A primeira batalha: um mês no hospital
Ao retornarem à Betim com a guarda de Larissa, o quadro de saúde dela complicou e teve que ser internada no hospital imediatamente. Como era véspera de feriado de Carnaval, a cirurgia para colocação da sonda no estômago, em substituição à outra – medida que aumentaria sua qualidade de vida – só poderia ser realizada dali uns dias. Joyce e Fabrício acabaram se revezando durante um mês, no qual passavam a noite em uma cadeira no hospital.
Para Joyce, foram os dias mais angustiantes e exaustivos que já passou. Mas também foi ali no hospital que ela percebeu, pela primeira vez, que a filha reconhecia a sua voz. No pouco tempo em que precisava se ausentar, deixando a menina com um parente, Larissa ficava agitada e só se acalmava quando a mãe retornava.
“Em meio à tanta exaustão, ela sorria para mim e eu tinha a certeza de que tudo valia a pena. Em nenhum momento eu pensei o contrário”.
Mudança de perfil
O casal nunca tinha pensado em adotar uma criança com deficiência e o perfil com o qual se habilitaram no Cadastro Nacional de Adoção (CNA) foi para uma menina de até dois anos, que poderia ter uma doença tratável. À época, Joyce ouviu que, com esse perfil, esperariam cerca de oito anos. Mas, meses depois da habilitação, quando se depararam com a foto de Larissa, mudaram imediatamente de ideia.

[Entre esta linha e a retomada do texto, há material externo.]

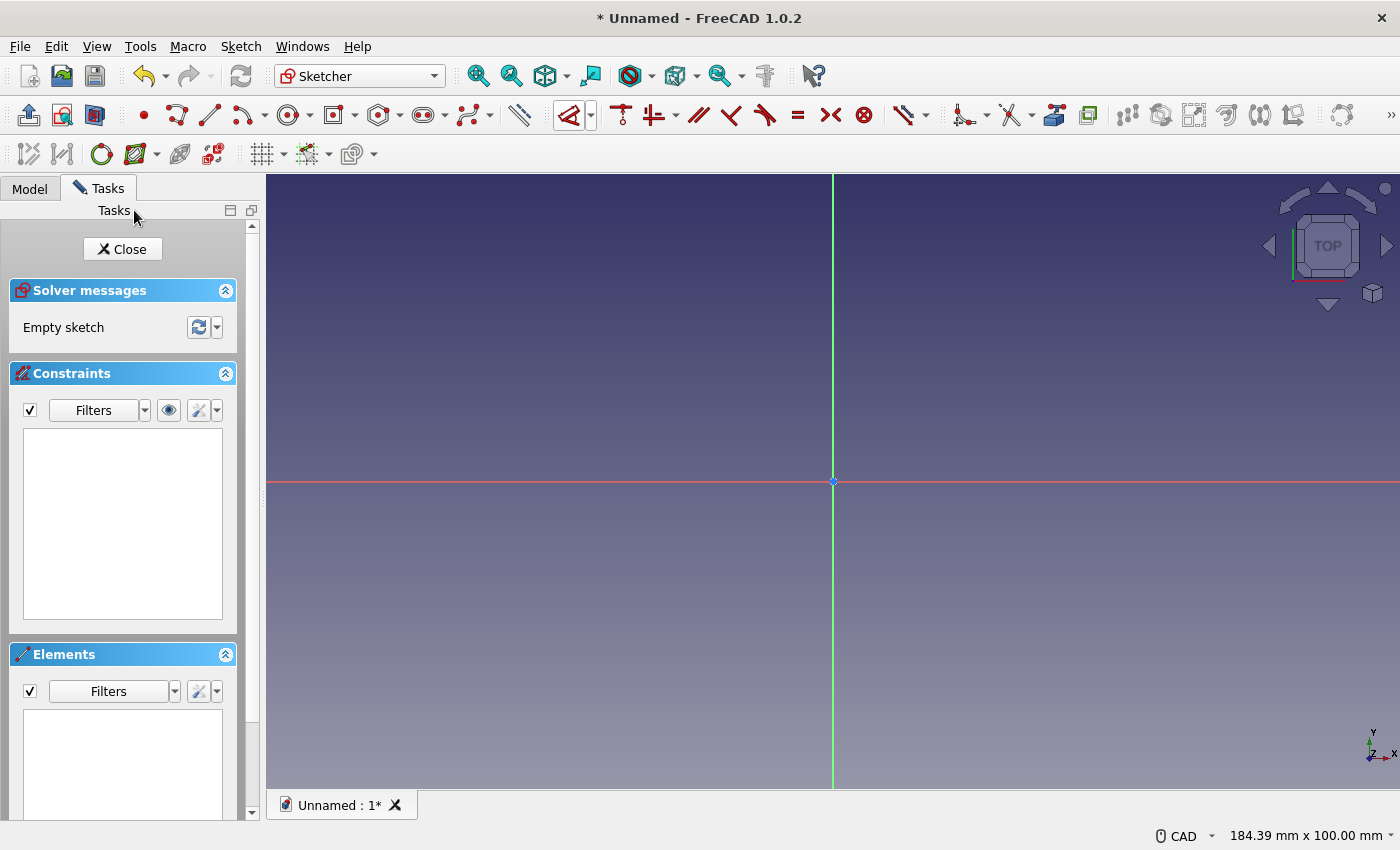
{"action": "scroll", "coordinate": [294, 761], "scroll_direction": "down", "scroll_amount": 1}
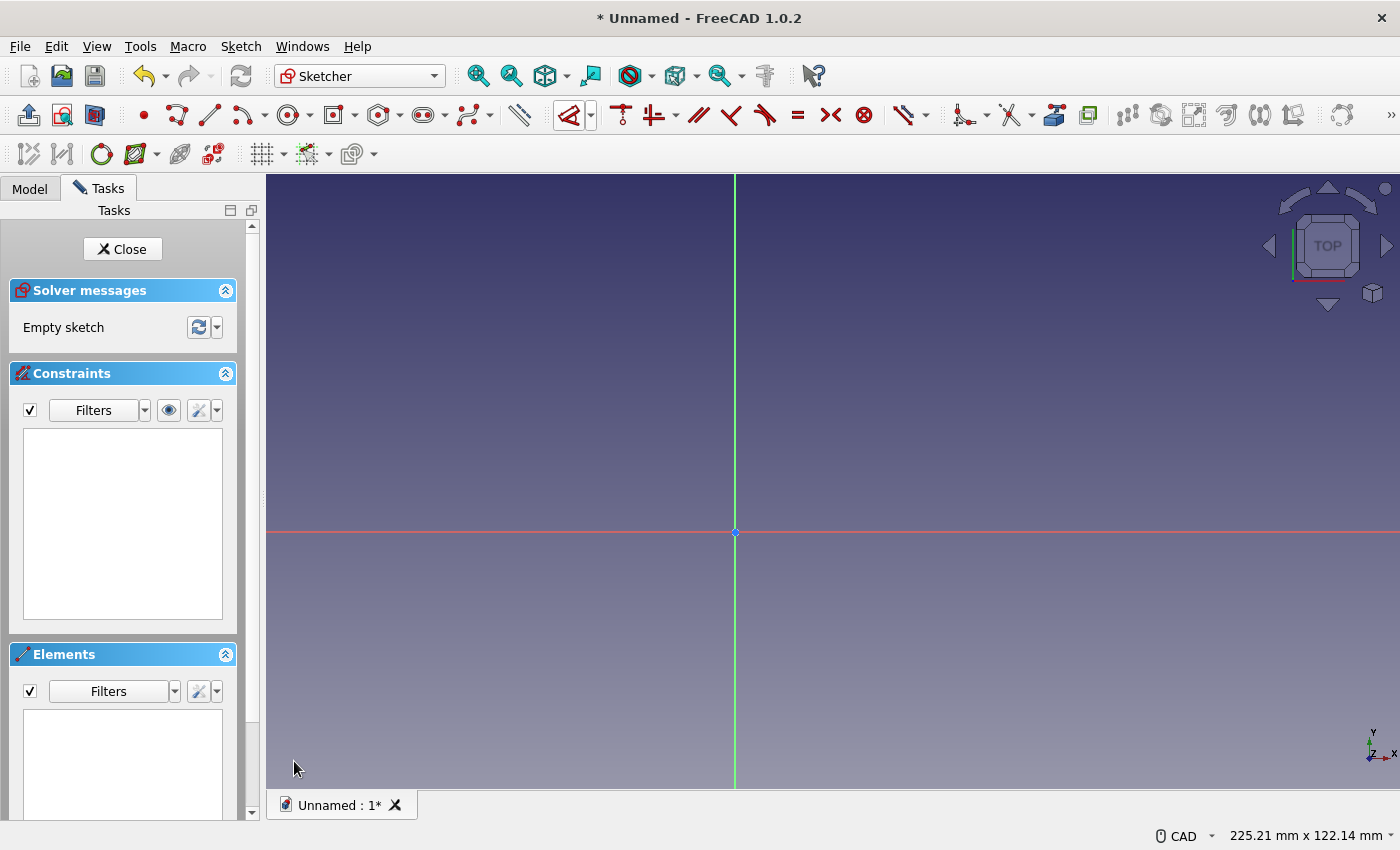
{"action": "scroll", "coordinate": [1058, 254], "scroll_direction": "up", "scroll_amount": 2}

A foto foi publicada em novembro por um grupo de busca ativa – grupos organizados pelas varas de infância de todo o país que reúnem pais habilitados para adoção à espera de seus filhos. Junto à foto, havia a explicação da deficiência de Larissa e a mensagem: “nos ajudem a encontrar uma família para essa princesa”. “Mudamos nosso perfil para poder adotá-la”, disse Joyce, que tem outros dois filhos, em idade de 17 e 20 anos. Fabrício também é pai de outro filho, com 23 anos.
Atualmente o CNA passa por reformulação, por meio de grupo de trabalho instituído pela Corregedoria Nacional de Justiça, e uma das mudanças previstas é a inclusão de fotos, vídeos e outras informações, como cartas ou desenhos feitos pelas crianças, material cujo acesso será restrito aos pretendentes habilitados para adoção. Para Joyce, esse avanço será fundamental. “Foi a foto da Larissa que me tocou, se tivesse fotos no Cadastro Nacional de Adoção, acredito que muita gente ampliaria o seu perfil”.
Conviver com as limitações
Na casa nova, Larissa recebe o carinho não só do casal e seus filhos, mas de vários parentes que adoram carregá-la no colo. Já tem um quartinho, mas, por enquanto, dorme no berço ao lado da cama dos pais. “A microcefalia assusta muito no início, mas nós enxergamos a Larissa muito além da limitação física, nunca nos prendemos a isso”, disse Joyce.
Com apenas um mês de convivência com a nova família, Larissa já fez alguns progressos, está mais comunicativa e risonha. Joyce aprendeu a fazer a alimentação pela sonda e iniciou o tratamento da filha na fisioterapia e fonoaudiologia.
“O zika é uma doença nova, o futuro dela é incerto. O que eu sei é que Larissa é a companheirinha que eu sempre quis, e assim será por toda a vida”.